The court found the board did not intentionally forego stockholder approval when it wrote the terms of the resolution authorizing the committee, the ruling said, so that although the committee’s action didn’t follow the terms of employees’ incentive plans, the board members didn’t act in bad faith.
“The Board [didn’t decide] approval should come from the Special Committee,” Judge Zurn said. “Even if the Board made the decision to forego stockholder approval, [shareholders’] pleadings fatally undercut the position that the Board did so in knowing violation of the [employee incentive plans].”
The decision affirms the high bar to plead demand futility against directors, Sidley Austin Partner Elizabeth Austin and Associate William Lawrence say in an analysis of the ruling.
Shareholders had to show at least seven members of the board acted in bad faith by having an interest in the modified plan, Austin and Lawrence say. The board had 15 members, three of which served on the committee. That means shareholders had to show seven had an interest in, or stood to benefit from, the new plan. Shareholders weren’t able to do that.

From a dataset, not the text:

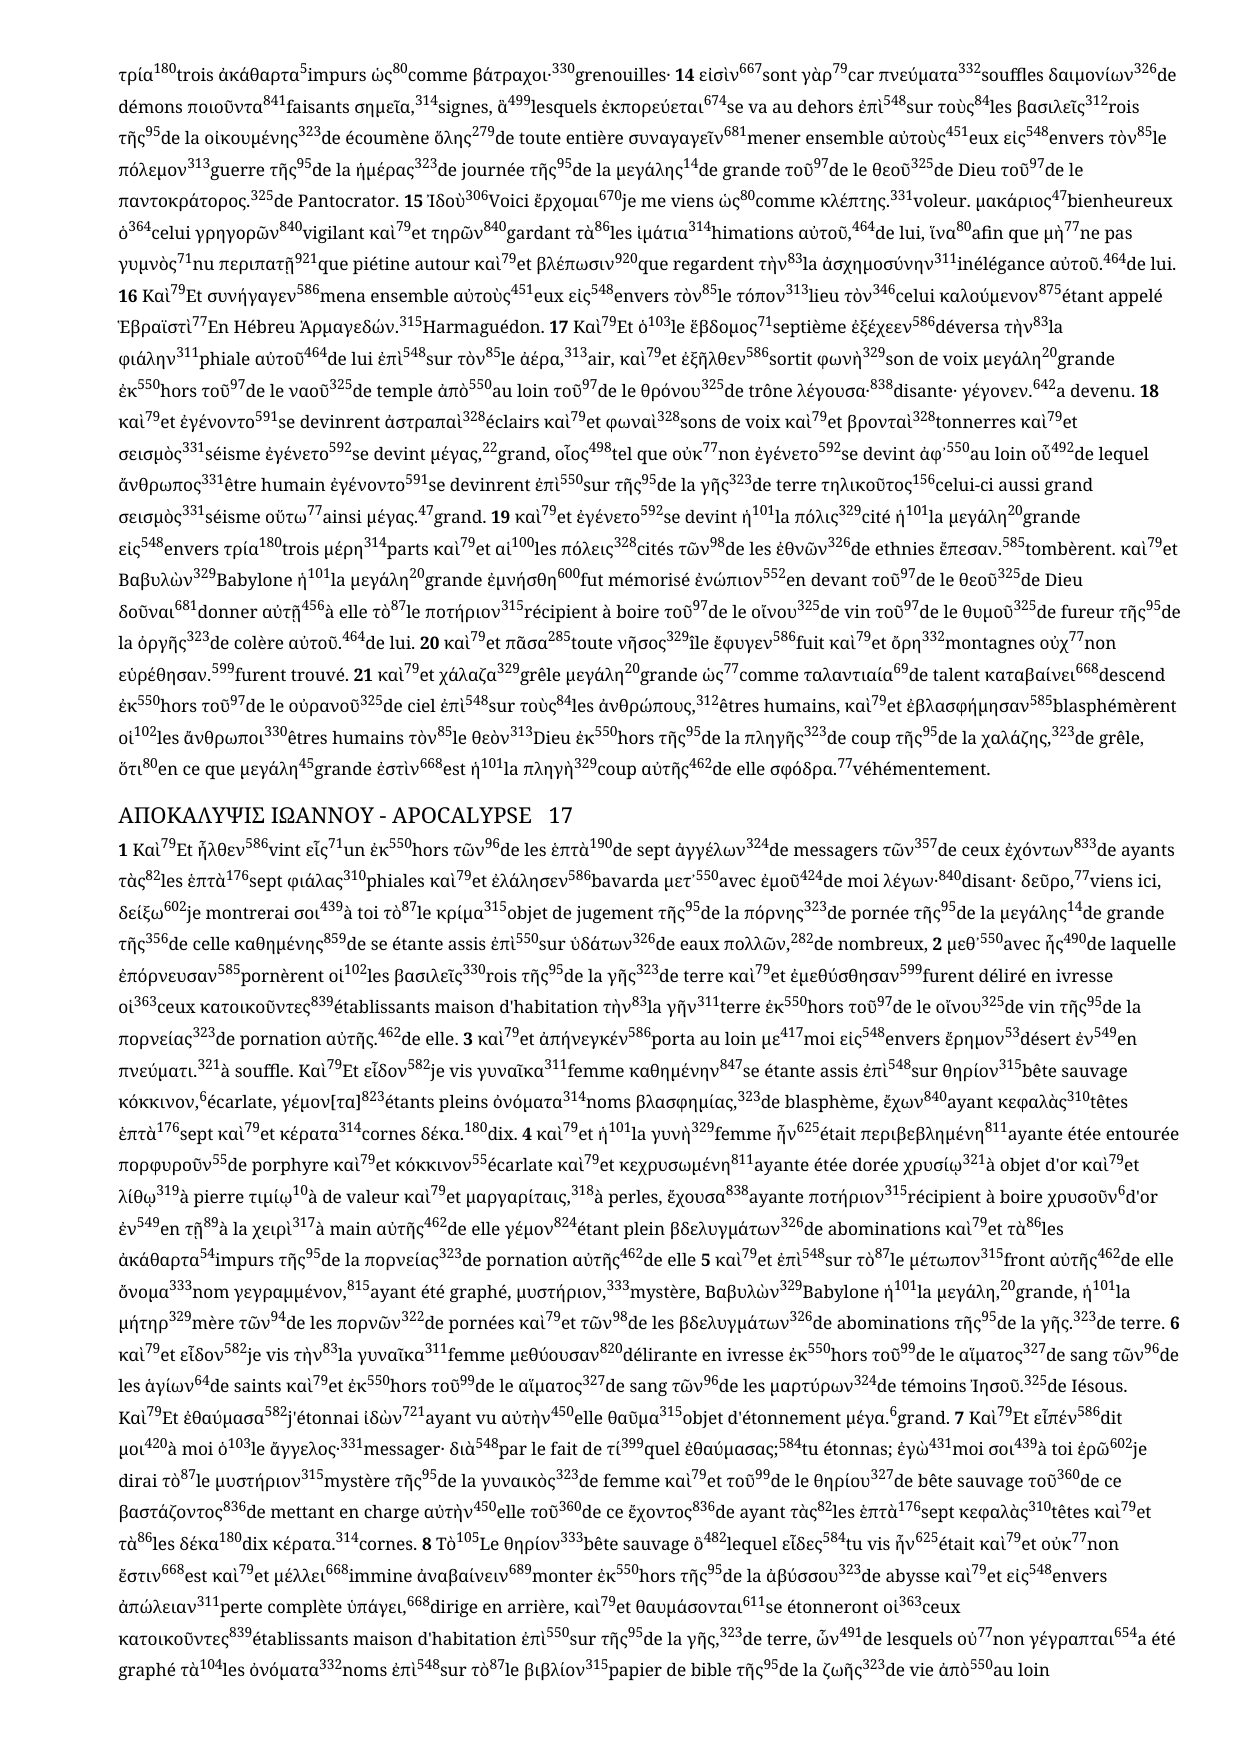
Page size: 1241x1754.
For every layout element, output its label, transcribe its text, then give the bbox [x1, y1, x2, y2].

text ΑΠΟΚΑΛΥΨΙΣ ΙΩΑΝΝΟΥ - APOCALYPSE 17 [118, 799, 1181, 829]
text 1 Καὶ79Et ἦλθεν586vint εἷς71un ἐκ550hors τῶν96de les ἑπτὰ190de sept ἀγγέλων324de messagers τῶν357de ceux ἐχόντων833de ayants τὰς82les ἑπτὰ176sept φιάλας310phiales καὶ79et ἐλάλησεν586bavarda μετ᾽550avec ἐμοῦ424de moi λέγων·840disant· δεῦρο,77viens ici, δείξω602je montrerai σοι439à toi τὸ87le κρίμα315objet de jugement τῆς95de la πόρνης323de pornée τῆς95de la μεγάλης14de grande τῆς356de celle καθημένης859de se étante assis ἐπὶ550sur ὑδάτων326de eaux πολλῶν,282de nombreux, 2 μεθ᾽550avec ἧς490de laquelle ἐπόρνευσαν585pornèrent οἱ102les βασιλεῖς330rois τῆς95de la γῆς323de terre καὶ79et ἐμεθύσθησαν599furent déliré en ivresse οἱ363ceux κατοικοῦντες839établissants maison d'habitation τὴν83la γῆν311terre ἐκ550hors τοῦ97de le οἴνου325de vin τῆς95de la πορνείας323de pornation αὐτῆς.462de elle. 3 καὶ79et ἀπήνεγκέν586porta au loin με417moi εἰς548envers ἔρημον53désert ἐν549en πνεύματι.321à souffle. Καὶ79Et εἶδον582je vis γυναῖκα311femme καθημένην847se étante assis ἐπὶ548sur θηρίον315bête sauvage κόκκινον,6écarlate, γέμον[τα]823étants pleins ὀνόματα314noms βλασφημίας,323de blasphème, ἔχων840ayant κεφαλὰς310têtes ἑπτὰ176sept καὶ79et κέρατα314cornes δέκα.180dix. 4 καὶ79et ἡ101la γυνὴ329femme ἦν625était περιβεβλημένη811ayante étée entourée πορφυροῦν55de porphyre καὶ79et κόκκινον55écarlate καὶ79et κεχρυσωμένη811ayante étée dorée χρυσίῳ321à objet d'or καὶ79et λίθῳ319à pierre τιμίῳ10à de valeur καὶ79et μαργαρίταις,318à perles, ἔχουσα838ayante ποτήριον315récipient à boire χρυσοῦν6d'or ἐν549en τῇ89à la χειρὶ317à main αὐτῆς462de elle γέμον824étant plein βδελυγμάτων326de abominations καὶ79et τὰ86les ἀκάθαρτα54impurs τῆς95de la πορνείας323de pornation αὐτῆς462de elle 5 καὶ79et ἐπὶ548sur τὸ87le μέτωπον315front αὐτῆς462de elle ὄνομα333nom γεγραμμένον,815ayant été graphé, μυστήριον,333mystère, Βαβυλὼν329Babylone ἡ101la μεγάλη,20grande, ἡ101la μήτηρ329mère τῶν94de les πορνῶν322de pornées καὶ79et τῶν98de les βδελυγμάτων326de abominations τῆς95de la γῆς.323de terre. 6 καὶ79et εἶδον582je vis τὴν83la γυναῖκα311femme μεθύουσαν820délirante en ivresse ἐκ550hors τοῦ99de le αἵματος327de sang τῶν96de les ἁγίων64de saints καὶ79et ἐκ550hors τοῦ99de le αἵματος327de sang τῶν96de les μαρτύρων324de témoins Ἰησοῦ.325de Iésous. Καὶ79Et ἐθαύμασα582j'étonnai ἰδὼν721ayant vu αὐτὴν450elle θαῦμα315objet d'étonnement μέγα.6grand. 7 Καὶ79Et εἶπέν586dit μοι420à moi ὁ103le ἄγγελος·331messager· διὰ548par le fait de τί399quel ἐθαύμασας;584tu étonnas; ἐγὼ431moi σοι439à toi ἐρῶ602je dirai τὸ87le μυστήριον315mystère τῆς95de la γυναικὸς323de femme καὶ79et τοῦ99de le θηρίου327de bête sauvage τοῦ360de ce βαστάζοντος836de mettant en charge αὐτὴν450elle τοῦ360de ce ἔχοντος836de ayant τὰς82les ἑπτὰ176sept κεφαλὰς310têtes καὶ79et τὰ86les δέκα180dix κέρατα.314cornes. 8 Τὸ105Le θηρίον333bête sauvage ὃ482lequel εἶδες584tu vis ἦν625était καὶ79et οὐκ77non ἔστιν668est καὶ79et μέλλει668immine ἀναβαίνειν689monter ἐκ550hors τῆς95de la ἀβύσσου323de abysse καὶ79et εἰς548envers ἀπώλειαν311perte complète ὑπάγει,668dirige en arrière, καὶ79et θαυμάσονται611se étonneront οἱ363ceux κατοικοῦντες839établissants maison d'habitation ἐπὶ550sur τῆς95de la γῆς,323de terre, ὧν491de lesquels οὐ77non γέγραπται654a été graphé τὰ104les ὀνόματα332noms ἐπὶ548sur τὸ87le βιβλίον315papier de bible τῆς95de la ζωῆς323de vie ἀπὸ550au loin καταβολῆς323de fondation κόσμου,325de monde, βλεπόντων833de regardants τὸ87le θηρίον315bête sauvage ὅτι80en ce que ἦν625était καὶ79et οὐκ77non ἔστιν668est καὶ79et παρέσται.612se sera à côté. 9 ὧδε77ici ὁ103le νοῦς331intellect ὁ364celui ἔχων840ayant σοφίαν.311sagesse. Αἱ100Les ἑπτὰ194sept κεφαλαὶ328têtes ἑπτὰ198sept ὄρη332montagnes εἰσίν,667sont, ὅπου77là où ἡ101la γυνὴ329femme κάθηται674se est assis ἐπ᾽550sur αὐτῶν.465de eux. καὶ79et βασιλεῖς330rois ἑπτά196sept εἰσιν·667sont· 10 οἱ102les πέντε70cinq ἔπεσαν,585tombèrent, ὁ103le εἷς71un ἔστιν,668est, ὁ103le ἄλλος390autre οὔπω77non encore ἦλθεν,586vint, καὶ79et ὅταν80lorsque le cas échéant ἔλθῃ899que vienne ὀλίγον77peu αὐτὸν452lui δεῖ668attache de lien μεῖναι.681rester. 11 καὶ79et τὸ105le θηρίον333bête sauvage ὃ500lequel ἦν625était καὶ79et οὐκ77non ἔστιν668est καὶ77aussi αὐτὸς542lui-même ὄγδοός47huitième ἐστιν668est καὶ79et ἐκ550hors τῶν96de les ἑπτά64de sept ἐστιν,668est, καὶ79et εἰς548envers ἀπώλειαν311perte complète ὑπάγει.668dirige en arrière. 12 Καὶ79Et τὰ104les δέκα198dix κέρατα332cornes ἃ481lesquels εἶδες584tu vis δέκα196dix βασιλεῖς330rois εἰσιν,667sont, οἵτινες497lesquels des quelconques βασιλείαν311royauté οὔπω77non encore ἔλαβον,585prirent, ἀλλ᾽79mais ἐξουσίαν311autorité ὡς80comme βασιλεῖς330rois μίαν177une ὥραν311heure λαμβάνουσιν667prennent μετὰ550avec τοῦ99de le θηρίου.327de bête sauvage. 13 οὗτοι363ceux-ci μίαν177une γνώμην311opinion ἔχουσιν667ont καὶ79et τὴν83la δύναμιν311puissance καὶ79et τὴν83la ἐξουσίαν311autorité αὐτῶν463de eux τῷ93à le θηρίῳ321à bête sauvage διδόασιν.667donnent. 14 οὗτοι363ceux-ci μετὰ550avec τοῦ99de le ἀρνίου327de petit agneau πολεμήσουσιν605guerroieront καὶ79et τὸ105le ἀρνίον333petit agneau νικήσει606vaincra αὐτούς,451eux, ὅτι80en ce que κύριος331Maître κυρίων324de Maîtres ἐστὶν668est καὶ79et βασιλεὺς331roi βασιλέων324de rois καὶ79et οἱ363ceux μετ᾽550avec αὐτοῦ464de lui κλητοὶ70appelés καὶ79et ἐκλεκτοὶ70élus καὶ79et πιστοί.70croyables. 15 Καὶ79Et λέγει668dit μοι·420à moi· τὰ104les ὕδατα332eaux ἃ481lesquels εἶδες584tu vis οὗ77où ἡ101la πόρνη329pornée κάθηται,674se est assis, λαοὶ330peuples καὶ79et ὄχλοι330foules εἰσὶν667sont καὶ79et ἔθνη332ethnies καὶ79et γλῶσσαι.328langues. 16 καὶ79et τὰ104les δέκα198dix κέρατα332cornes ἃ481lesquels εἶδες584tu vis καὶ79et τὸ105le θηρίον333bête sauvage οὗτοι363ceux-ci μισήσουσιν605haïront τὴν83la πόρνην311pornée καὶ79et ἠρημωμένην794ayante étée désertifiée ποιήσουσιν605feront αὐτὴν450elle καὶ79et γυμνὴν51nue καὶ79et τὰς82les σάρκας310chairs αὐτῆς462de elle φάγονται611se mangeront καὶ79et αὐτὴν450elle κατακαύσουσιν605brûleront complètement ἐν549en πυρί.321à feu. 17 ὁ103le γὰρ79car θεὸς331Dieu ἔδωκεν586donna εἰς548envers τὰς82les καρδίας310coeurs αὐτῶν463de eux ποιῆσαι681faire τὴν83la γνώμην311opinion αὐτοῦ464de lui καὶ79et ποιῆσαι681faire μίαν177une γνώμην311opinion καὶ79et δοῦναι681donner τὴν83la βασιλείαν311royauté αὐτῶν463de eux τῷ93à le θηρίῳ321à bête sauvage ἄχρι80jusqu'à l'extrémité τελεσθήσονται618seront achevé οἱ102les λόγοι330discours τοῦ97de le θεοῦ.325de Dieu. 18 καὶ79et ἡ101la γυνὴ329femme ἣν478laquelle εἶδες584tu vis ἔστιν668est ἡ101la πόλις329cité ἡ101la μεγάλη20grande ἡ362celle ἔχουσα838ayante βασιλείαν311royauté ἐπὶ550sur τῶν96de les βασιλέων324de rois τῆς95de la γῆς.323de terre. [118, 834, 1181, 1682]
text 1 Καὶ79Et ἤκουσα582j'écoutai μεγάλης14de grande φωνῆς323de son de voix ἐκ550hors τοῦ97de le ναοῦ325de temple λεγούσης832de disante τοῖς90à les ἑπτὰ184à sept ἀγγέλοις·318à messagers· ὑπάγετε569dirigez en arrière καὶ79et ἐκχέετε569déversez τὰς82les ἑπτὰ176sept φιάλας310phiales τοῦ97de le θυμοῦ325de fureur τοῦ97de le θεοῦ325de Dieu εἰς548envers τὴν83la γῆν.311terre. 2 Καὶ79Et ἀπῆλθεν586éloigna ὁ103le πρῶτος71premier καὶ79et ἐξέχεεν586déversa τὴν83la φιάλην311phiale αὐτοῦ464de lui εἰς548envers τὴν83la γῆν,311terre, καὶ79et ἐγένετο592se devint ἕλκος333ulcère κακὸν24malicieux καὶ79et πονηρὸν24méchant ἐπὶ548sur τοὺς84les ἀνθρώπους312êtres humains τοὺς345ceux ἔχοντας821ayants τὸ87le χάραγμα315gravure τοῦ99de le θηρίου327de bête sauvage καὶ79et τοὺς345ceux προσκυνοῦντας821prosternants vers τῇ89à la εἰκόνι317à icône αὐτοῦ.466de lui. 3 Καὶ79Et ὁ103le δεύτερος71deuxième ἐξέχεεν586déversa τὴν83la φιάλην311phiale αὐτοῦ464de lui εἰς548envers τὴν83la θάλασσαν,311mer, καὶ79et ἐγένετο592se devint αἷμα333sang ὡς80comme νεκροῦ,65de mort, καὶ79et πᾶσα285toute ψυχὴ329âme ζῶσα838vivante ἀπέθανεν586mourut loin ἐν549en τῇ89à la θαλάσσῃ.317à mer. 4 Καὶ79Et ὁ103le τρίτος71troisième ἐξέχεεν586déversa τὴν83la φιάλην311phiale αὐτοῦ464de lui εἰς548envers τοὺς84les ποταμοὺς312fleuves καὶ79et τὰς82les πηγὰς310sources τῶν98de les ὑδάτων,326de eaux, καὶ79et ἐγένετο592se devint αἷμα.333sang. 5 Καὶ79Et ἤκουσα582j'écoutai τοῦ97de le ἀγγέλου325de messager τῶν98de les ὑδάτων326de eaux λέγοντος·834de disant· δίκαιος47juste εἶ,666tu es, ὁ364celui ὢν840étant καὶ79et ὁ364celui ἦν,625était, ὁ103le ὅσιος,71sacré, ὅτι80en ce que ταῦτα347ces-ci ἔκρινας,584tu jugeas, 6 ὅτι80en ce que αἷμα315sang ἁγίων64de saints καὶ79et προφητῶν324de prophètes ἐξέχεαν585déversèrent καὶ79et αἷμα315sang αὐτοῖς457à eux [δ]έδωκας584tu donnas πιεῖν,681boire, ἄξιοί46dignes εἰσιν.667sont. 7 Καὶ79Et ἤκουσα582j'écoutai τοῦ99de le θυσιαστηρίου327de autel des sacrifices λέγοντος·836de disant· ναὶ304oui κύριε337Maître ὁ109le θεὸς337Dieu ὁ109le παντοκράτωρ,337Pantocrator, ἀληθιναὶ68véritables καὶ79et δίκαιαι68justes αἱ100les κρίσεις328jugements σου.442de toi. 8 Καὶ79Et ὁ103le τέταρτος71quatrième ἐξέχεεν586déversa τὴν83la φιάλην311phiale αὐτοῦ464de lui ἐπὶ548sur τὸν85le ἥλιον,313soleil, καὶ79et ἐδόθη600fut donné αὐτῷ458à lui καυματίσαι681brûler τοὺς84les ἀνθρώπους312êtres humains ἐν549en πυρί.321à feu. 9 καὶ79et ἐκαυματίσθησαν599furent brûlé οἱ102les ἄνθρωποι330êtres humains καῦμα315brûlure μέγα6grand καὶ79et ἐβλασφήμησαν585blasphémèrent τὸ87le ὄνομα315nom τοῦ97de le θεοῦ325de Dieu τοῦ358de celui ἔχοντος834de ayant τὴν83la ἐξουσίαν311autorité ἐπὶ548sur τὰς82les πληγὰς310coups ταύτας135celles-ci καὶ79et οὐ77non μετενόησαν585transintelligèrent δοῦναι681donner αὐτῷ458à lui δόξαν.311gloire. 10 Καὶ79Et ὁ103le πέμπτος71cinquième ἐξέχεεν586déversa τὴν83la φιάλην311phiale αὐτοῦ464de lui ἐπὶ548sur τὸν85le θρόνον313trône τοῦ99de le θηρίου,327de bête sauvage, καὶ79et ἐγένετο592se devint ἡ101la βασιλεία329royauté αὐτοῦ466de lui ἐσκοτωμένη,811ayante étée enténébrée, καὶ79et ἐμασῶντο630se mâchaient τὰς82les γλώσσας310langues αὐτῶν463de eux ἐκ550hors τοῦ97de le πόνου,325de peine, 11 καὶ79et ἐβλασφήμησαν585blasphémèrent τὸν85le θεὸν313Dieu τοῦ97de le οὐρανοῦ325de ciel ἐκ550hors τῶν96de les πόνων324de peines αὐτῶν463de eux καὶ79et ἐκ550hors τῶν98de les ἑλκῶν326de ulcères αὐτῶν463de eux καὶ79et οὐ77non μετενόησαν585transintelligèrent ἐκ550hors τῶν98de les ἔργων326de travaux αὐτῶν.463de eux. 12 Καὶ79Et ὁ103le ἕκτος71sixième ἐξέχεεν586déversa τὴν83la φιάλην311phiale αὐτοῦ464de lui ἐπὶ548sur τὸν85le ποταμὸν313fleuve τὸν85le μέγαν4grand τὸν85le Εὐφράτην,313Euphrate, καὶ79et ἐξηράνθη600fut séché τὸ105le ὕδωρ333eau αὐτοῦ,464de lui, ἵνα80afin que ἑτοιμασθῇ911que soit préparé ἡ101la ὁδὸς329chemin τῶν96de les βασιλέων324de rois τῶν357de ceux ἀπὸ550au loin ἀνατολῆς323de levant ἡλίου.325de soleil. 13 Καὶ79Et εἶδον582je vis ἐκ550hors τοῦ99de le στόματος327de bouche τοῦ97de le δράκοντος325de dragon καὶ79et ἐκ550hors τοῦ99de le στόματος327de bouche τοῦ99de le θηρίου327de bête sauvage καὶ79et ἐκ550hors τοῦ99de le στόματος327de bouche τοῦ97de le ψευδοπροφήτου325de faux prophète πνεύματα314souffles τρία180trois ἀκάθαρτα5impurs ὡς80comme βάτραχοι·330grenouilles· 14 εἰσὶν667sont γὰρ79car πνεύματα332souffles δαιμονίων326de démons ποιοῦντα841faisants σημεῖα,314signes, ἃ499lesquels ἐκπορεύεται674se va au dehors ἐπὶ548sur τοὺς84les βασιλεῖς312rois τῆς95de la οἰκουμένης323de écoumène ὅλης279de toute entière συναγαγεῖν681mener ensemble αὐτοὺς451eux εἰς548envers τὸν85le πόλεμον313guerre τῆς95de la ἡμέρας323de journée τῆς95de la μεγάλης14de grande τοῦ97de le θεοῦ325de Dieu τοῦ97de le παντοκράτορος.325de Pantocrator. 15 Ἰδοὺ306Voici ἔρχομαι670je me viens ὡς80comme κλέπτης.331voleur. μακάριος47bienheureux ὁ364celui γρηγορῶν840vigilant καὶ79et τηρῶν840gardant τὰ86les ἱμάτια314himations αὐτοῦ,464de lui, ἵνα80afin que μὴ77ne pas γυμνὸς71nu περιπατῇ921que piétine autour καὶ79et βλέπωσιν920que regardent τὴν83la ἀσχημοσύνην311inélégance αὐτοῦ.464de lui. 16 Καὶ79Et συνήγαγεν586mena ensemble αὐτοὺς451eux εἰς548envers τὸν85le τόπον313lieu τὸν346celui καλούμενον875étant appelé Ἑβραϊστὶ77En Hébreu Ἁρμαγεδών.315Harmaguédon. 17 Καὶ79Et ὁ103le ἕβδομος71septième ἐξέχεεν586déversa τὴν83la φιάλην311phiale αὐτοῦ464de lui ἐπὶ548sur τὸν85le ἀέρα,313air, καὶ79et ἐξῆλθεν586sortit φωνὴ329son de voix μεγάλη20grande ἐκ550hors τοῦ97de le ναοῦ325de temple ἀπὸ550au loin τοῦ97de le θρόνου325de trône λέγουσα·838disante· γέγονεν.642a devenu. 18 καὶ79et ἐγένοντο591se devinrent ἀστραπαὶ328éclairs καὶ79et φωναὶ328sons de voix καὶ79et βρονταὶ328tonnerres καὶ79et σεισμὸς331séisme ἐγένετο592se devint μέγας,22grand, οἷος498tel que οὐκ77non ἐγένετο592se devint ἀφ᾽550au loin οὗ492de lequel ἄνθρωπος331être humain ἐγένοντο591se devinrent ἐπὶ550sur τῆς95de la γῆς323de terre τηλικοῦτος156celui-ci aussi grand σεισμὸς331séisme οὕτω77ainsi μέγας.47grand. 19 καὶ79et ἐγένετο592se devint ἡ101la πόλις329cité ἡ101la μεγάλη20grande εἰς548envers τρία180trois μέρη314parts καὶ79et αἱ100les πόλεις328cités τῶν98de les ἐθνῶν326de ethnies ἔπεσαν.585tombèrent. καὶ79et Βαβυλὼν329Babylone ἡ101la μεγάλη20grande ἐμνήσθη600fut mémorisé ἐνώπιον552en devant τοῦ97de le θεοῦ325de Dieu δοῦναι681donner αὐτῇ456à elle τὸ87le ποτήριον315récipient à boire τοῦ97de le οἴνου325de vin τοῦ97de le θυμοῦ325de fureur τῆς95de la ὀργῆς323de colère αὐτοῦ.464de lui. 20 καὶ79et πᾶσα285toute νῆσος329île ἔφυγεν586fuit καὶ79et ὄρη332montagnes οὐχ77non εὑρέθησαν.599furent trouvé. 21 καὶ79et χάλαζα329grêle μεγάλη20grande ὡς77comme ταλαντιαία69de talent καταβαίνει668descend ἐκ550hors τοῦ97de le οὐρανοῦ325de ciel ἐπὶ548sur τοὺς84les ἀνθρώπους,312êtres humains, καὶ79et ἐβλασφήμησαν585blasphémèrent οἱ102les ἄνθρωποι330êtres humains τὸν85le θεὸν313Dieu ἐκ550hors τῆς95de la πληγῆς323de coup τῆς95de la χαλάζης,323de grêle, ὅτι80en ce que μεγάλη45grande ἐστὶν668est ἡ101la πληγὴ329coup αὐτῆς462de elle σφόδρα.77véhémentement. [118, 59, 1181, 781]

“Because the complaint itself alleged that 12 members of the 15-member board never considered the relevant issue, the Court did not consider the merits of the plaintiff’s allegation against the remaining three members,” Austin and Lawrence say. “A majority of the Board was not alleged to have committed any non-exculpated wrongdoing, so demand could not be excused.”
The case is Vladimir Gusinsky Revocable Tr. v. Hayes, No. CV 2022‑1124‑MTZ (July 23, 2024).